Be suspesious: If you ever happen to have 100% accuracy in your model (overf-fitting) with test data, be suspecious and double check if you have not used test dataset for traning your model.
over-fitting: model performs very well on the training data but poorly on the test data. Model follows exactly the same trend as the training dataset.
Results of train and test split are based on a single random split. Given we are randomly splitting datasets, each time we ran the model, we might get a slightly different results. To minimize stochasticity in the model, rather we can use cross-validation approaches which are robust to these issues. Besides, these approaches are much suitable, especially when you have a smaller dataset. There are many methods of cross-validation available in scikit-learn, but just to get started we will be learning:
K-Folds Cross-Validation
Leave One Out Cros-Validation (LOOCV)
In K-Folds Cross-Validation, first, we divide the dataset randomly into k subset/bins.
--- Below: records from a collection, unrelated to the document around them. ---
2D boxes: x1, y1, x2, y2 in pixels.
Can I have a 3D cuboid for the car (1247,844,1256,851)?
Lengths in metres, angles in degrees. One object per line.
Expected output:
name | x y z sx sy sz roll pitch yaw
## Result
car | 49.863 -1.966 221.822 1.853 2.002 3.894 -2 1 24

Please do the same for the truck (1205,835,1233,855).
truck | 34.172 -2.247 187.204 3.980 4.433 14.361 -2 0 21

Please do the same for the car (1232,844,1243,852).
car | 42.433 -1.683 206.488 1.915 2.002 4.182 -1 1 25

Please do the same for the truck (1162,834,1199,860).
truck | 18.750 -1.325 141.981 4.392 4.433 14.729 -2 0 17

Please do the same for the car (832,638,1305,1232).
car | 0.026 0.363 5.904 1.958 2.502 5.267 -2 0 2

One of the subset/bin is used to validate the model, whereas the rest of the bins are used for training the model. We repeat the process for multiple rounds. Model performances at each round are averaged to define the overall performance of the model.
from sklearn import model_selection
model = KNeighborsClassifier()
kfold = model_selection.KFold(n_splits=5, random_state=12323, shuffle=True) # note shuffle is true so that samples are randomly assigned to the folds.
results = model_selection.cross_val_score(model, iris_X, iris_y, cv=kfold)
results
array([0.93333333, 0.96666667, 0.96666667, 1. , 0.96666667])
print("Accuracy: %.3f%% (%.3f%%)" % (results.mean()*100.0, results.std()*100.0))
Accuracy: 96.667% (2.108%)
In LOOCV, first, we randomly select one data point for testing and use the remaining data points for building a model. Given the smaller size of the test data, sd% is higher for model accuracy.
model = KNeighborsClassifier()
loocv = model_selection.LeaveOneOut()
results = model_selection.cross_val_score(model, iris_X, iris_y, cv=loocv)
print("Accuracy: %.3f%% (%.3f%%)" % (results.mean()*100.0, results.std()*100.0))
Accuracy: 96.667% (17.951%)
Methods | Accuracy% | Sd% | Notes |
---|---|---|---|
Train/Test (75/25) | 97.36 | NA | |
K-Folds (5) | 96.67 | 2.20 | |
LOOCV | 96.67 | 17.95 | Higher sd |
How does train/test split ratio affects the model performance ? - Try by changing the percentage of test data to 50% and evaluate the model.
Evalate the model performance by incleasing K-folds size. - Check the model accuracy and sd.